• Problem to solve
If a line in the data below holds the word "Attributes", copy it.
::::
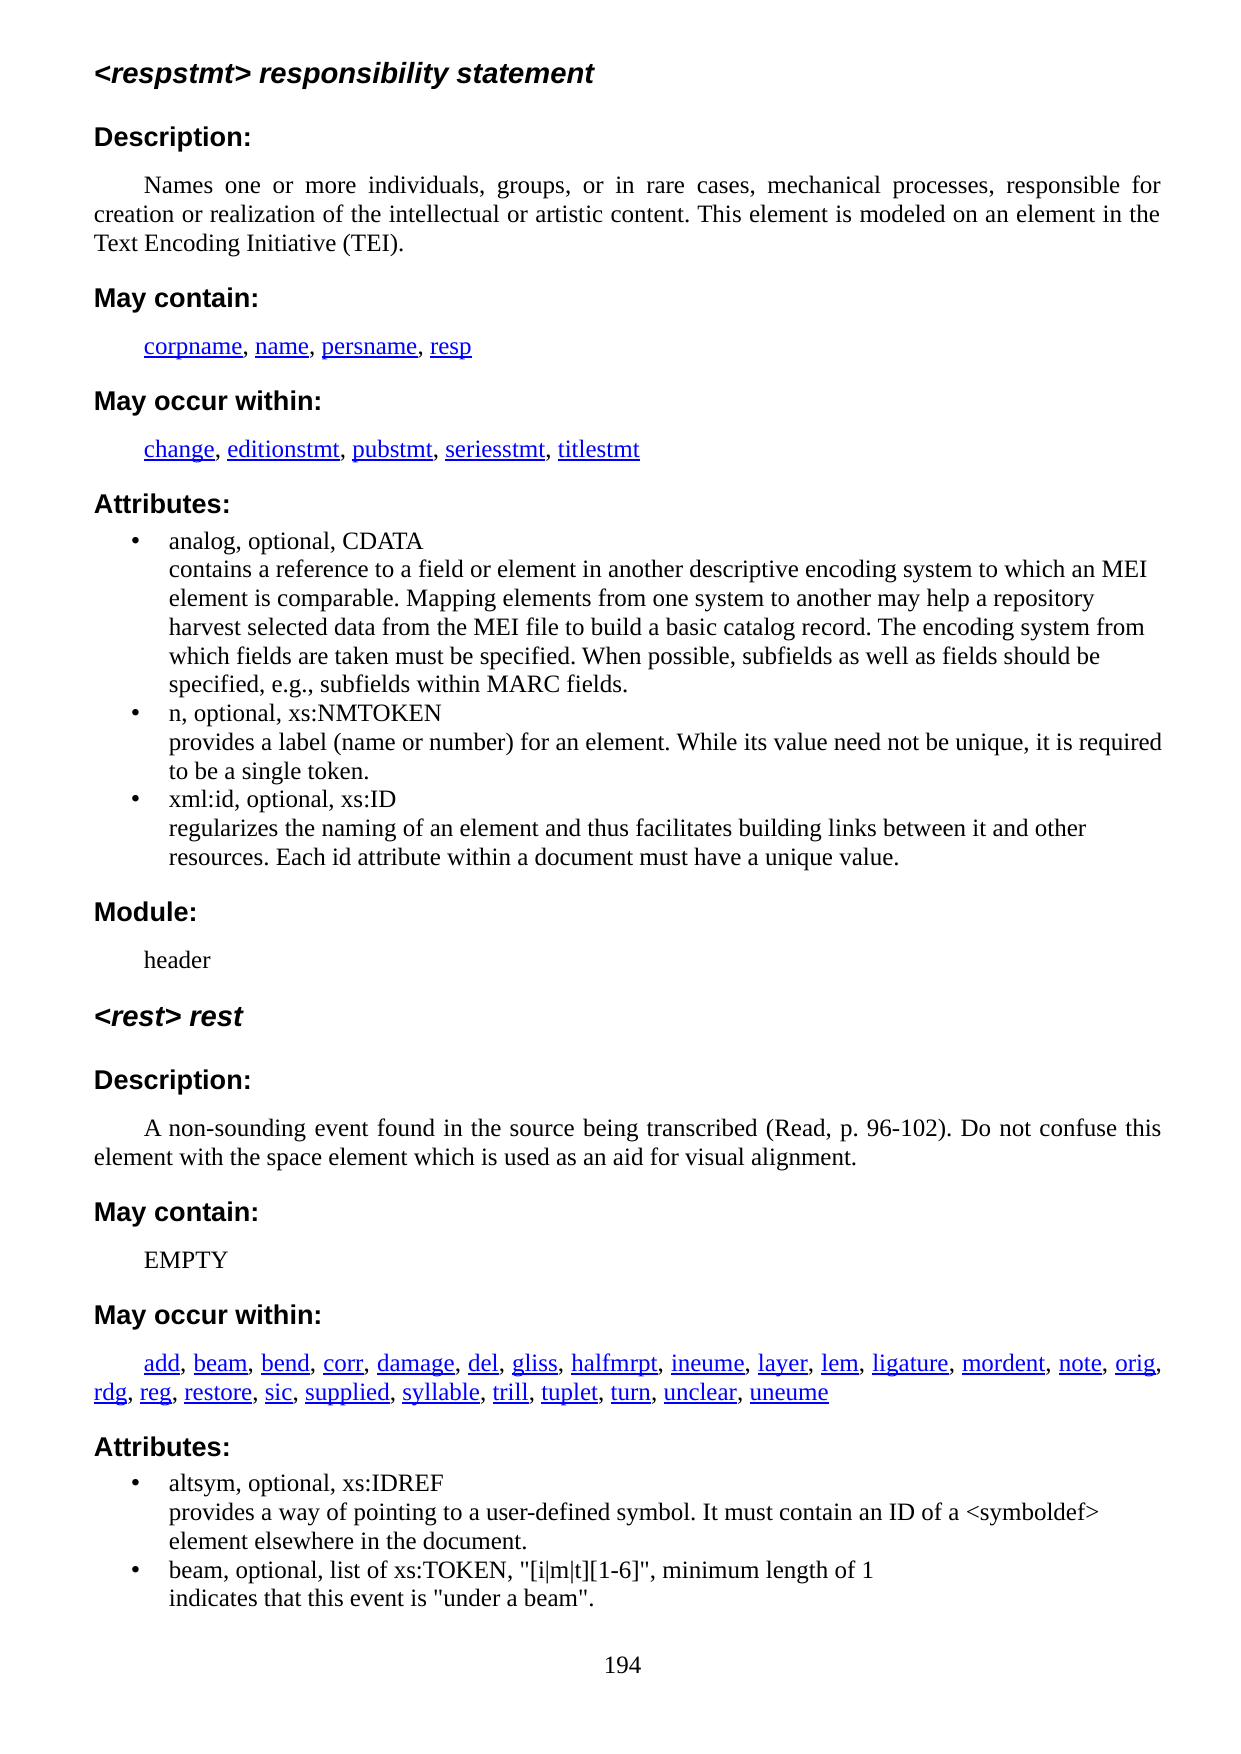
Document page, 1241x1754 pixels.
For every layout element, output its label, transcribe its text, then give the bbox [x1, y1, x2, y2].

text A non-sounding event found in the source being transcribed (Read, p. 96-102). Do not confuse this element with the space element which is used as an aid for visual alignment. [94, 1113, 1162, 1171]
text EMPTY [94, 1245, 1162, 1274]
text add, beam, bend, corr, damage, del, gliss, halfmrpt, ineume, layer, lem, ligature, mordent, note, orig, rdg, reg, restore, sic, supplied, syllable, trill, tuplet, turn, unclear, uneume [94, 1348, 1162, 1406]
subtitle May contain: [94, 1196, 1162, 1227]
subtitle May contain: [94, 282, 1162, 313]
list xml:id, optional, xs:ID regularizes the naming of an element and thus facilitates building links between it and other resources. Each id attribute within a document must have a unique value. [131, 784, 1162, 871]
list n, optional, xs:NMTOKEN provides a label (name or number) for an element. While its value need not be unique, it is required to be a single token. [131, 698, 1162, 784]
list beam, optional, list of xs:TOKEN, "[i|m|t][1-6]", minimum length of 1 indicates that this event is "under a beam". [131, 1555, 1162, 1612]
subtitle Description: [94, 1064, 1162, 1095]
subtitle <respstmt> responsibility statement [94, 56, 1162, 90]
list analog, optional, CDATA contains a reference to a field or element in another descriptive encoding system to which an MEI element is comparable. Mapping elements from one system to another may help a repository harvest selected data from the MEI file to build a basic catalog record. The encoding system from which fields are taken must be specified. When possible, subfields as well as fields should be specified, e.g., subfields within MARC fields. [131, 526, 1162, 698]
subtitle Module: [94, 896, 1162, 927]
subtitle May occur within: [94, 1299, 1162, 1330]
subtitle <rest> rest [94, 999, 1162, 1032]
text change, editionstmt, pubstmt, seriesstmt, titlestmt [94, 434, 1162, 463]
subtitle Attributes: [94, 1431, 1162, 1462]
subtitle Description: [94, 121, 1162, 152]
list altsym, optional, xs:IDREF provides a way of pointing to a user-defined symbol. It must contain an ID of a <symboldef> element elsewhere in the document. [131, 1468, 1162, 1555]
text corpname, name, persname, resp [94, 331, 1162, 360]
text header [94, 945, 1162, 974]
subtitle Attributes: [94, 488, 1162, 519]
subtitle May occur within: [94, 385, 1162, 416]
text Names one or more individuals, groups, or in rare cases, mechanical processes, responsible for creation or realization of the intellectual or artistic content. This element is modeled on an element in the Text Encoding Initiative (TEI). [94, 171, 1162, 257]
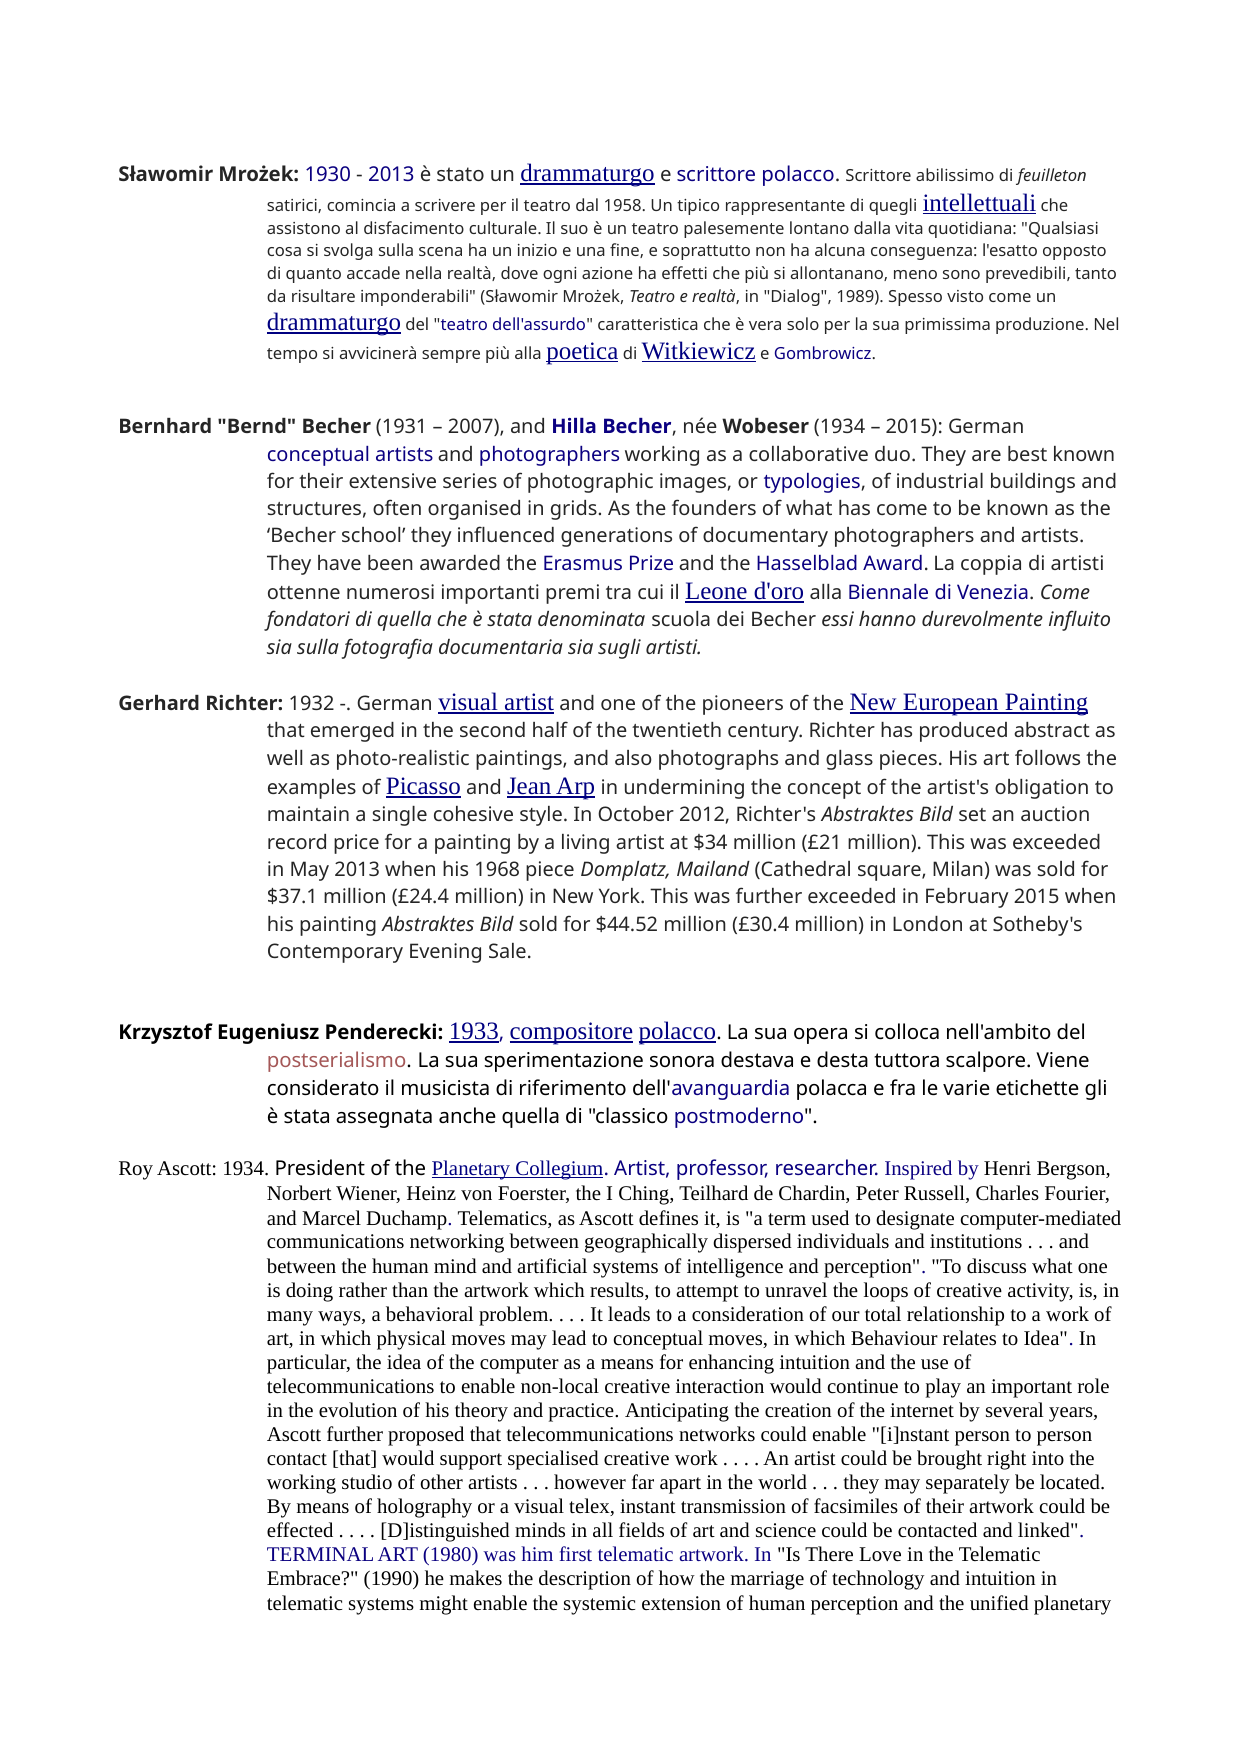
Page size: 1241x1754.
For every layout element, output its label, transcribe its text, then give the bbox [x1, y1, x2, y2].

text Gerhard Richter: 1932 -. German visual artist and one of the pioneers of the New European Painting that emerged in the second half of the twentieth century. Richter has produced abstract as well as photo-realistic paintings, and also photographs and glass pieces. His art follows the examples of Picasso and Jean Arp in undermining the concept of the artist's obligation to maintain a single cohesive style. In October 2012, Richter's Abstraktes Bild set an auction record price for a painting by a living artist at $34 million (£21 million). This was exceeded in May 2013 when his 1968 piece Domplatz, Mailand (Cathedral square, Milan) was sold for $37.1 million (£24.4 million) in New York. This was further exceeded in February 2015 when his painting Abstraktes Bild sold for $44.52 million (£30.4 million) in London at Sotheby's Contemporary Evening Sale. [118, 687, 1122, 964]
text Krzysztof Eugeniusz Penderecki: 1933, compositore polacco. La sua opera si colloca nell'ambito del postserialismo. La sua sperimentazione sonora destava e desta tuttora scalpore. Viene considerato il musicista di riferimento dell'avanguardia polacca e fra le varie etichette gli è stata assegnata anche quella di "classico postmoderno". [118, 1016, 1122, 1129]
text Bernhard "Bernd" Becher (1931 – 2007), and Hilla Becher, née Wobeser (1934 – 2015): German conceptual artists and photographers working as a collaborative duo. They are best known for their extensive series of photographic images, or typologies, of industrial buildings and structures, often organised in grids. As the founders of what has come to be known as the ‘Becher school’ they influenced generations of documentary photographers and artists. They have been awarded the Erasmus Prize and the Hasselblad Award. La coppia di artisti ottenne numerosi importanti premi tra cui il Leone d'oro alla Biennale di Venezia. Come fondatori di quella che è stata denominata scuola dei Becher essi hanno durevolmente influito sia sulla fotografia documentaria sia sugli artisti. [118, 412, 1122, 660]
text Roy Ascott: 1934. President of the Planetary Collegium. Artist, professor, researcher. Inspired by Henri Bergson, Norbert Wiener, Heinz von Foerster, the I Ching, Teilhard de Chardin, Peter Russell, Charles Fourier, and Marcel Duchamp. Telematics, as Ascott defines it, is "a term used to designate computer-mediated communications networking between geographically dispersed individuals and institutions . . . and between the human mind and artificial systems of intelligence and perception". "To discuss what one is doing rather than the artwork which results, to attempt to unravel the loops of creative activity, is, in many ways, a behavioral problem. . . . It leads to a consideration of our total relationship to a work of art, in which physical moves may lead to conceptual moves, in which Behaviour relates to Idea". In particular, the idea of the computer as a means for enhancing intuition and the use of telecommunications to enable non-local creative interaction would continue to play an important role in the evolution of his theory and practice. Anticipating the creation of the internet by several years, Ascott further proposed that telecommunications networks could enable "[i]nstant person to person contact [that] would support specialised creative work . . . . An artist could be brought right into the working studio of other artists . . . however far apart in the world . . . they may separately be located. By means of holography or a visual telex, instant transmission of facsimiles of their artwork could be effected . . . . [D]istinguished minds in all fields of art and science could be contacted and linked". TERMINAL ART (1980) was him first telematic artwork. In "Is There Love in the Telematic Embrace?" (1990) he makes the description of how the marriage of technology and intuition in telematic systems might enable the systemic extension of human perception and the unified planetary [118, 1154, 1122, 1614]
text Sławomir Mrożek: 1930 - 2013 è stato un drammaturgo e scrittore polacco. Scrittore abilissimo di feuilleton satirici, comincia a scrivere per il teatro dal 1958. Un tipico rappresentante di quegli intellettuali che assistono al disfacimento culturale. Il suo è un teatro palesemente lontano dalla vita quotidiana: "Qualsiasi cosa si svolga sulla scena ha un inizio e una fine, e soprattutto non ha alcuna conseguenza: l'esatto opposto di quanto accade nella realtà, dove ogni azione ha effetti che più si allontanano, meno sono prevedibili, tanto da risultare imponderabili" (Sławomir Mrożek, Teatro e realtà, in "Dialog", 1989). Spesso visto come un drammaturgo del "teatro dell'assurdo" caratteristica che è vera solo per la sua primissima produzione. Nel tempo si avvicinerà sempre più alla poetica di Witkiewicz e Gombrowicz. [118, 158, 1122, 365]
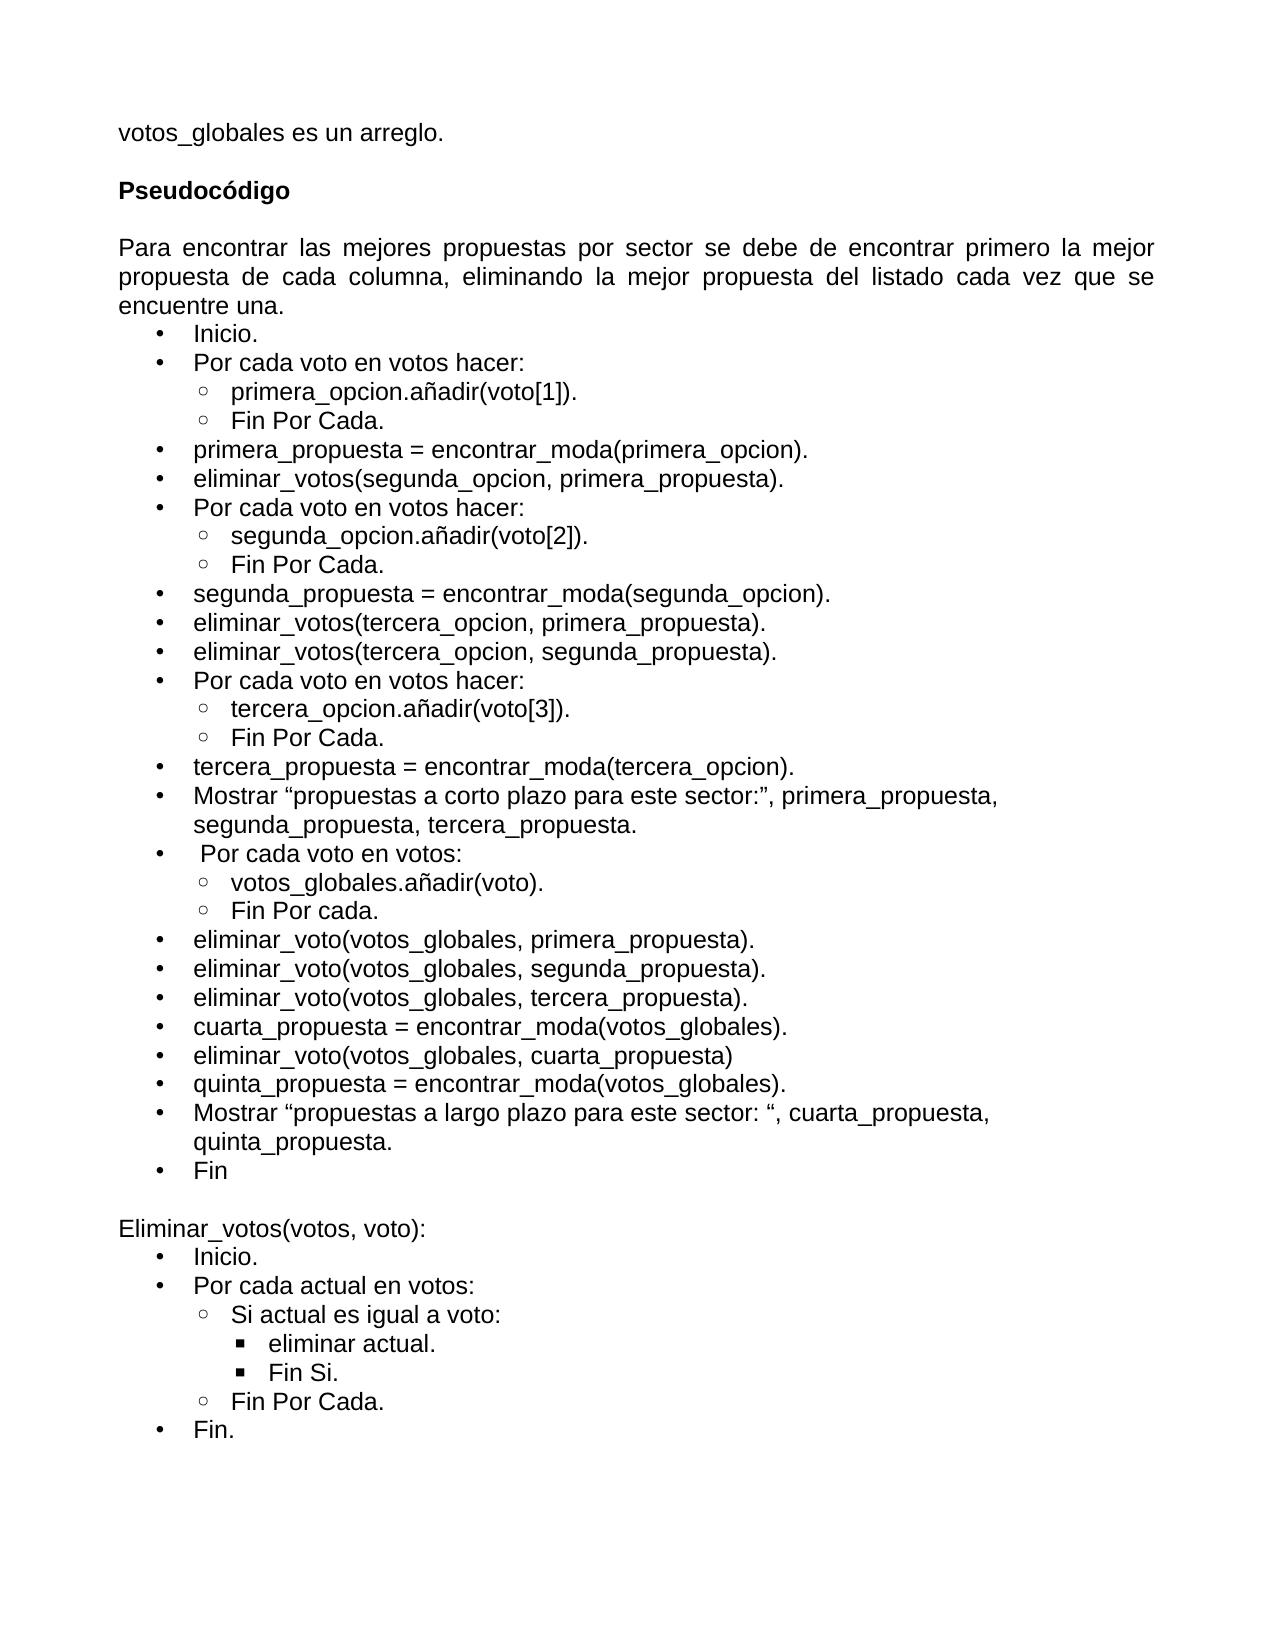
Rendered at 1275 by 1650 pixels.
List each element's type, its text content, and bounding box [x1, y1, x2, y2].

list eliminar_votos(tercera_opcion, segunda_propuesta). [156, 637, 1157, 666]
list Por cada voto en votos hacer: [156, 492, 1157, 521]
list Fin Por Cada. [193, 406, 1157, 435]
list Por cada actual en votos: [156, 1271, 1157, 1300]
list segunda_opcion.añadir(voto[2]). [193, 521, 1157, 550]
list segunda_propuesta = encontrar_moda(segunda_opcion). [156, 579, 1157, 608]
list Inicio. [156, 319, 1157, 348]
list eliminar_voto(votos_globales, primera_propuesta). [156, 925, 1157, 954]
list Mostrar “propuestas a largo plazo para este sector: “, cuarta_propuesta, quinta_propuesta. [156, 1098, 1157, 1156]
list Inicio. [156, 1242, 1157, 1271]
list eliminar_voto(votos_globales, cuarta_propuesta) [156, 1041, 1157, 1069]
list Fin Por Cada. [193, 550, 1157, 579]
list cuarta_propuesta = encontrar_moda(votos_globales). [156, 1012, 1157, 1041]
list Mostrar “propuestas a corto plazo para este sector:”, primera_propuesta, segunda_propuesta, tercera_propuesta. [156, 781, 1157, 839]
text Pseudocódigo [118, 176, 1157, 204]
list tercera_propuesta = encontrar_moda(tercera_opcion). [156, 752, 1157, 781]
list eliminar_votos(tercera_opcion, primera_propuesta). [156, 608, 1157, 637]
list Por cada voto en votos hacer: [156, 348, 1157, 377]
text votos_globales es un arreglo. [118, 118, 1157, 147]
list Por cada voto en votos hacer: [156, 666, 1157, 694]
text Para encontrar las mejores propuestas por sector se debe de encontrar primero la mejor propuesta de cada columna, eliminando la mejor propuesta del listado cada vez que se encuentre una. [118, 233, 1157, 319]
list primera_opcion.añadir(voto[1]). [193, 377, 1157, 406]
list Fin Por cada. [193, 896, 1157, 925]
list eliminar_votos(segunda_opcion, primera_propuesta). [156, 464, 1157, 492]
list eliminar_voto(votos_globales, segunda_propuesta). [156, 954, 1157, 983]
text Eliminar_votos(votos, voto): [118, 1213, 1157, 1242]
list eliminar actual. [231, 1329, 1157, 1358]
list quinta_propuesta = encontrar_moda(votos_globales). [156, 1069, 1157, 1098]
list Por cada voto en votos: [156, 839, 1157, 867]
list Si actual es igual a voto: [193, 1300, 1157, 1329]
list Fin Por Cada. [193, 1387, 1157, 1415]
list tercera_opcion.añadir(voto[3]). [193, 694, 1157, 723]
list eliminar_voto(votos_globales, tercera_propuesta). [156, 983, 1157, 1012]
list primera_propuesta = encontrar_moda(primera_opcion). [156, 435, 1157, 464]
list votos_globales.añadir(voto). [193, 867, 1157, 896]
list Fin. [156, 1415, 1157, 1444]
list Fin Por Cada. [193, 723, 1157, 752]
list Fin [156, 1156, 1157, 1185]
list Fin Si. [231, 1358, 1157, 1387]
::::
• Output of the task
subtitle Attributes: [94, 1431, 1162, 1462]
subtitle Attributes: [94, 488, 1162, 519]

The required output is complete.